Quick and simple tips for better holiday photos

A little bit of thought about the composition of a photo can make a big difference to the result, even if you’re only using a £150 compact camera.

So we’ve put together a few quick and simple tips to help you take better photos, whether you’re headed to the beach or the country for your holiday. Plus, if you’ve any great tips of your own, feel free to share them in the comments section below.

If you’re looking for a new camera to take on holiday, check out how the latest models performed in our rigorous lab tests in our digital camera reviews.
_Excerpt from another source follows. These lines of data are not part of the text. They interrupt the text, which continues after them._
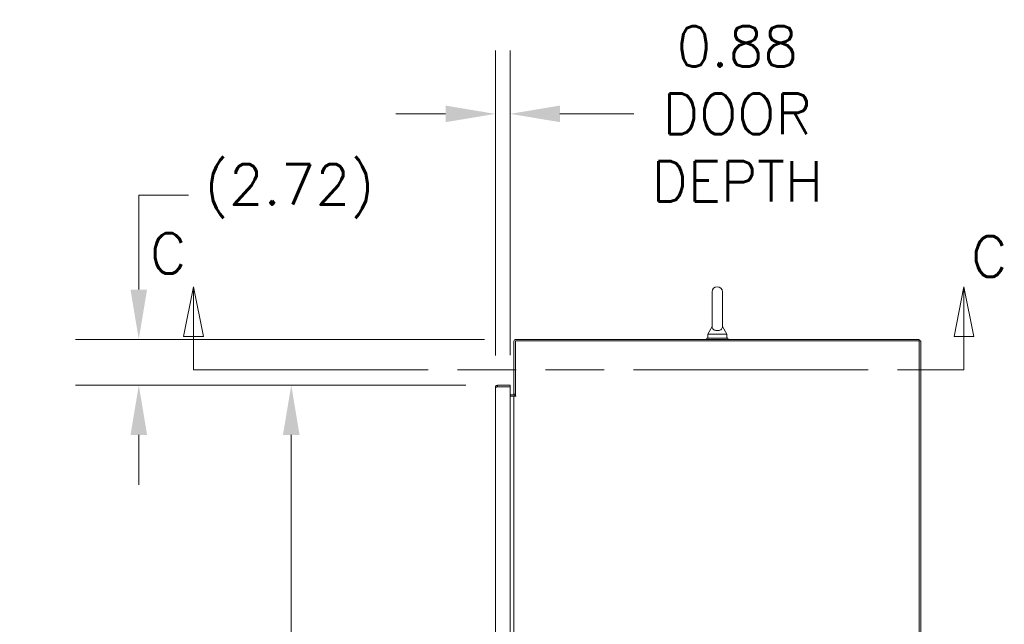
# Model space of a CAD drawing. Header units: inches. Extents: x 4 to 506, y 11 to 319.
# Tile 41 of 47: x 357 to 415, y 220 to 256. Entities that reach past the tile are written whole.
import ezdxf

# ---------------------------------------------------------------- set-up
doc = ezdxf.new("R2010")
doc.units = ezdxf.units.IN
doc.header["$LTSCALE"] = 30
doc.header["$MEASUREMENT"] = 0
doc.linetypes.add('DOUBLE_DASH_CHAIN', pattern=[1.2403, 0.6614, -0.0827, 0.1654, -0.0827, 0.1654, -0.0827])
for name, color, linetype, lineweight in [('Dimension (ANSI)', 7, 'Continuous', 5), ('Section Line (ANSI)', 7, 'DOUBLE_DASH_CHAIN', 5), ('Symbol (ANSI)', 7, 'Continuous', 5), ('Visible (ANSI)', 7, 'Continuous', 5)]:
    doc.layers.add(name, color=color, linetype=linetype, lineweight=lineweight)
doc.styles.add('ROMANS', font='romans.shx')
doc.dimstyles.new('Default (ANSI)', dxfattribs={"dimscale": 30, "dimtxt": 0.08, "dimasz": 0.098425, "dimexe": 0.125, "dimexo": 0.0625, "dimgap": 0.031496, "dimtad": 0, "dimtih": 1, "dimtoh": 1, "dimrnd": 1e-08, "dimzin": 0, "dimdsep": 46, "dimtxsty": 'ROMANS', "dimcen": 0.09, "dimdle": 0.393701, "dimclrd": 256, "dimclre": 256, "dimclrt": 256, "dimadec": 0, "dimazin": 0, "dimtfac": 1.25, "dimtofl": 0, "dimtmove": 0, "dimatfit": 3, "dimfxl": 0, "dimtolj": 1, "dimtzin": 0, "dimlwd": -1, "dimlwe": -1, "dimarcsym": 0})
doc.dimstyles.new('Default (ANSI)$7', dxfattribs={"dimscale": 30, "dimtxt": 0.08, "dimasz": 0.098425, "dimexe": 0.125, "dimexo": 0.0625, "dimgap": 0.031496, "dimtad": 0, "dimtih": 1, "dimtoh": 1, "dimrnd": 1e-08, "dimzin": 0, "dimdsep": 46, "dimtxsty": 'ROMANS', "dimcen": 0.09, "dimdle": 0.393701, "dimclrd": 256, "dimclre": 256, "dimclrt": 256, "dimadec": 0, "dimazin": 0, "dimtfac": 1.25, "dimtofl": 0, "dimtmove": 0, "dimatfit": 3, "dimfxl": 0, "dimtolj": 1, "dimtzin": 0, "dimlwd": -1, "dimlwe": -1, "dimarcsym": 0})

# ---------------------------------------------------------------- blocks, each defined once
blk = doc.blocks.new('2dTransSection2')
at = {"layer": 'Section Line (ANSI)', "linetype": 'Continuous'}
for p, q in [((12.235, 8.0122), (12.2155, 7.9142)), ((12.235, 7.9142), (12.235, 8.0122)), ((12.2545, 7.9142), (12.235, 8.0122)), ((13.7583, 8.0122), (13.7388, 7.9142)), ((13.7583, 7.9142), (13.7583, 8.0122)), ((13.7778, 7.9142), (13.7583, 8.0122)), ((12.2155, 7.9142), (12.2545, 7.9142)), ((12.235, 7.8483), (12.235, 7.9142)), ((13.7388, 7.9142), (13.7778, 7.9142)), ((13.7583, 7.8483), (13.7583, 7.9142)), ((12.235, 7.8483), (12.2505, 7.8483)), ((13.7428, 7.8483), (13.7583, 7.8483))]:
    blk.add_line(p, q, dxfattribs=at)
at = {"layer": 'Section Line (ANSI)', "linetype": 'DOUBLE_DASH_CHAIN', "ltscale": 0.023378}
blk.add_line((12.235, 7.8483), (13.7583, 7.8483), dxfattribs=at)
at = {"layer": 'Section Line (ANSI)', "linetype": 'Continuous', "flags": 128}
for points in [[(12.2545, 7.9142), (12.235, 8.0122)], [(13.7778, 7.9142), (13.7583, 8.0122)]]:
    blk.add_lwpolyline(points, dxfattribs=at)
at = {"layer": 'Section Line (ANSI)'}
for points in [[(12.2545, 7.9142), (12.235, 8.0122), (12.2155, 7.9142), (12.2545, 7.9142)], [(13.7778, 7.9142), (13.7583, 8.0122), (13.7388, 7.9142), (13.7778, 7.9142)]]:
    blk.add_solid(points, dxfattribs=at)
at = {"layer": 'Section Line (ANSI)', "char_height": 0.08, "attachment_point": 7, "style": 'ROMANS'}
for insert in [(12.1487, 8.0383), (13.7723, 8.0323)]:
    blk.add_mtext('C', dxfattribs=dict(at, insert=insert))
blk = doc.blocks.new('*D14')
at = {"layer": 'Defpoints', "color": 0}
for p in [(385.078, 234.538), (372.846, 153.913), (385.078, 153.913)]:
    blk.add_point(p, dxfattribs=at)
at = {"layer": 'Dimension (ANSI)'}
for p, q in [((383.203, 234.538), (369.096, 234.538)), ((372.846, 231.585), (372.846, 199.894)), ((372.846, 156.865), (372.846, 187.604)), ((383.203, 153.913), (369.096, 153.913))]:
    blk.add_line(p, q, dxfattribs=at)
for points in [[(372.353, 231.585), (373.338, 231.585), (372.846, 234.538)], [(372.353, 156.865), (373.338, 156.865), (372.846, 153.913)]]:
    blk.add_solid(points, dxfattribs=at)
at = {"layer": 'Dimension (ANSI)', "insert": (372.846, 193.749), "char_height": 2.4, "attachment_point": 5, "style": 'ROMANS'}
blk.add_mtext('\\A1;80.62\\PDOOR\\PHEIGHT', dxfattribs=at)
blk = doc.blocks.new('*D16')
at = {"layer": 'Defpoints', "color": 0}
for p in [(363.805, 237.255), (386.18, 237.255), (385.078, 234.538)]:
    blk.add_point(p, dxfattribs=at)
at = {"layer": 'Dimension (ANSI)'}
for p, q in [((363.805, 240.207), (363.805, 245.811)), ((363.805, 245.811), (366.758, 245.811)), ((384.305, 237.255), (360.055, 237.255)), ((383.203, 234.538), (360.055, 234.538)), ((363.805, 231.585), (363.805, 228.632))]:
    blk.add_line(p, q, dxfattribs=at)
for points in [[(363.313, 240.207), (364.297, 240.207), (363.805, 237.255)], [(363.313, 231.585), (364.297, 231.585), (363.805, 234.538)]]:
    blk.add_solid(points, dxfattribs=at)
at = {"layer": 'Dimension (ANSI)', "insert": (367.703, 247.64), "char_height": 2.4, "attachment_point": 1, "style": 'ROMANS'}
blk.add_mtext('\\A1;(2.72)', dxfattribs=at)
blk = doc.blocks.new('*D23')
at = {"layer": 'Defpoints', "color": 0}
for p in [(385.828, 250.621), (384.953, 234.413), (385.828, 234.433)]:
    blk.add_point(p, dxfattribs=at)
at = {"layer": 'Dimension (ANSI)'}
for p, q in [((384.953, 236.288), (384.953, 254.371)), ((385.828, 236.308), (385.828, 254.371)), ((382, 250.621), (379.047, 250.621)), ((388.781, 250.621), (393.158, 250.621))]:
    blk.add_line(p, q, dxfattribs=at)
for points in [[(382, 251.113), (382, 250.129), (384.953, 250.621)], [(388.781, 251.113), (388.781, 250.129), (385.828, 250.621)]]:
    blk.add_solid(points, dxfattribs=at)
at = {"layer": 'Dimension (ANSI)', "insert": (399.303, 250.621), "char_height": 2.4, "attachment_point": 5, "style": 'ROMANS'}
blk.add_mtext('\\A1;0.88\\PDOOR\\PDEPTH', dxfattribs=at)

msp = doc.modelspace()

# ---------------------------------------------------------------- linework, layer by layer
at = {"layer": 'Visible (ANSI)'}
for p, q in [((397.8072, 240.0671), (397.8072, 238.0071)), ((398.4272, 238.0071), (398.4272, 240.0671)), ((397.8072, 238.0071), (397.5572, 237.5671)), ((398.4272, 238.0071), (398.6772, 237.5671)), ((386.0547, 237.1296), (386.0547, 234.0045)), ((410.086, 237.1609), (386.1484, 237.1609)), ((386.1484, 237.1609), (386.1484, 233.8798)), ((410.086, 237.2546), (386.1797, 237.2546)), ((398.7422, 237.3171), (397.4922, 237.3171)), ((397.4922, 237.3171), (397.4922, 237.2546)), ((397.5572, 237.5671), (398.6772, 237.5671)), ((397.5572, 237.5671), (397.5572, 237.3171)), ((398.6772, 237.5671), (398.6772, 237.3171)), ((398.7422, 237.3171), (398.7422, 237.2546)), ((410.086, 237.1609), (410.086, 237.2546)), ((410.1797, 237.1609), (410.086, 237.1609)), ((410.086, 147.2233), (410.086, 237.1609)), ((410.1797, 237.1609), (410.1797, 147.2233)), ((384.9529, 154.0376), (384.9529, 234.4127)), ((385.8279, 234.5377), (385.0779, 234.5377)), ((385.0779, 234.444), (385.0779, 234.5377)), ((385.0779, 234.444), (385.8279, 234.444)), ((385.0779, 234.4329), (385.8279, 234.4329)), ((385.8279, 234.444), (385.8279, 234.5377)), ((385.8279, 234.4329), (385.8279, 154.0174)), ((385.8279, 233.9733), (386.0235, 233.9733)), ((385.8279, 233.8796), (386.0235, 233.8796)), ((386.0235, 233.8796), (386.0547, 233.8796)), ((386.0547, 234.0045), (386.1484, 234.0045)), ((386.0547, 154.5046), (386.0547, 233.8796)), ((386.1797, 233.8796), (386.0547, 233.8796)), ((386.1484, 233.8798), (386.1799, 233.8798)), ((386.1799, 233.8796), (386.1797, 233.8796)), ((386.1799, 233.8798), (386.1799, 233.8796))]:
    msp.add_line(p, q, dxfattribs=at)
for centre, radius, start, end in [((398.1172, 240.0671), 0.31, 0, 180), ((386.1797, 237.1296), 0.125, 90, 180), ((386.0235, 234.0045), 0.1249, 270, 0), ((386.0235, 234.0045), 0.0312, 270, 0)]:
    msp.add_arc(centre, radius, start, end, dxfattribs=at)
for points, knots in [([(398.4272, 238.0071), (398.4272, 238.0071), (398.4274, 238.0033), (398.4262, 237.982), (398.4239, 237.9614), (398.4057, 237.9096), (398.3871, 237.8795), (398.3359, 237.8334), (398.3082, 237.8159), (398.2466, 237.7905), (398.2151, 237.7819), (398.1497, 237.7725), (398.1173, 237.7714), (398.0541, 237.7758), (398.0243, 237.7812), (397.9668, 237.7979), (397.9402, 237.8096), (397.8899, 237.8397), (397.8683, 237.8588), (397.8289, 237.9077), (397.818, 237.9364), (397.808, 237.9789), (397.8074, 237.9972), (397.8072, 238.0061), (397.8072, 238.0071), (397.8072, 238.0071)], [0, 0, 0, 0, 0.06292404, 0.06292404, 0.14907055, 0.14907055, 0.25610509, 0.25610509, 0.336116, 0.336116, 0.40328218, 0.40328218, 0.46536928, 0.46536928, 0.52564713, 0.52564713, 0.59143372, 0.59143372, 0.67079373, 0.67079373, 0.78259067, 0.78259067, 0.8847232, 0.8847232, 0.91423809, 0.91423809, 0.91423809, 0.91423809]), ([(385.0779, 234.5377), (385.0342, 234.5377), (384.9913, 234.5129), (384.9696, 234.475), (384.9587, 234.4562), (384.9529, 234.4345), (384.9529, 234.4127)], [0, 0, 0, 0, 1.04908, 1.04908, 1.04908, 1.5707963, 1.5707963, 1.5707963, 1.5707963]), ([(384.9529, 234.4127), (384.9529, 234.4172), (384.9777, 234.4217), (385.0156, 234.4262), (385.0345, 234.4285), (385.0562, 234.4307), (385.0779, 234.4329)], [0, 0, 0, 0, 1.04908, 1.04908, 1.04908, 1.5707963, 1.5707963, 1.5707963, 1.5707963]), ([(385.0523, 234.43), (385.0575, 234.4376), (385.066, 234.4431), (385.0752, 234.4439), (385.0761, 234.444), (385.077, 234.444), (385.0779, 234.444)], [0.59510147, 0.59510147, 0.59510147, 0.59510147, 1.48347479, 1.48347479, 1.48347479, 1.57079633, 1.57079633, 1.57079633, 1.57079633])]:
    msp.add_open_spline(points, degree=3, knots=knots, dxfattribs=at)

# ---------------------------------------------------------------- block references
at = {"layer": 'Section Line (ANSI)', "xscale": 30, "yscale": 30, "zscale": 30}
msp.add_blockref('2dTransSection2', (0, 0), dxfattribs=at)

# ---------------------------------------------------------------- dimensions: what is measured, and where the dimension line sits
at = {"layer": 'Dimension (ANSI)'}
dim = msp.add_linear_dim(base=(385.827944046, 250.6209722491), p1=(384.952944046, 234.4127466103), p2=(385.827944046, 234.4329480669), text='<>\\PDOOR\\PDEPTH', dimstyle='Default (ANSI)', override={"dimtih": 0, "dimtoh": 0, "dimdec": 2, "dimtp": 0, "dimtm": 0, "dimtdec": 2, "dimatfit": 1}, dxfattribs=at)
dim.commit()
dim.dimension.update_dxf_attribs({"geometry": '*D23', "text_midpoint": (399.3033431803, 250.6209722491), "dimtype": 160})
for base, p1, p2, text, override, picture, middle in [((363.8051, 237.2546), (385.0779, 234.5377), (386.1797, 237.2546), '(<>)', {"dimgap": 0.031496, "dimdec": 2, "dimtol": 0, "dimlim": 0, "dimtp": 0, "dimtm": 0, "dimtdec": 2, "dimatfit": 1}, '*D16', (372.8456, 245.811)), ((372.8455903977, 153.9126966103), (385.077894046, 234.5376966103), (385.077894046, 153.9126966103), '<>\\PDOOR\\PHEIGHT', {"dimdec": 2, "dimtp": 0, "dimtm": 0, "dimtdec": 2, "dimatfit": 1}, '*D14', (372.8455903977, 193.7488236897))]:
    dim = msp.add_linear_dim(base=base, p1=p1, p2=p2, angle=90, text=text, dimstyle='Default (ANSI)', override=override, dxfattribs=at)
    dim.commit()
    dim.dimension.update_dxf_attribs({"geometry": picture, "text_midpoint": middle, "dimtype": 160})

# ---------------------------------------------------------------- leaders
at = {"layer": 'Symbol (ANSI)', "annotation_type": 0, "has_hookline": 1, "hookline_direction": 0, "text_width": 34.8394}
msp.add_leader([(313.6813, 231.4696), (322.4733, 221.7286), (325.4261, 221.7286)], dimstyle='Default (ANSI)$7', override={"dimtad": 0}, dxfattribs=at)

doc.saveas('drawing.dxf')

Photographing peoplePhotographing people

  • Place the person off-centre to break up the shot. You could also try tilting the camera.
  • Move the person to avoid background clutter or blur the background, using a wider aperture setting (ie. a smaller f number, such as f/4).
  • Set up the pose with the the light source in front and slightly to the side of the subject – no more than 45 degrees round to the side or  you’ll risk casting long nose shadows.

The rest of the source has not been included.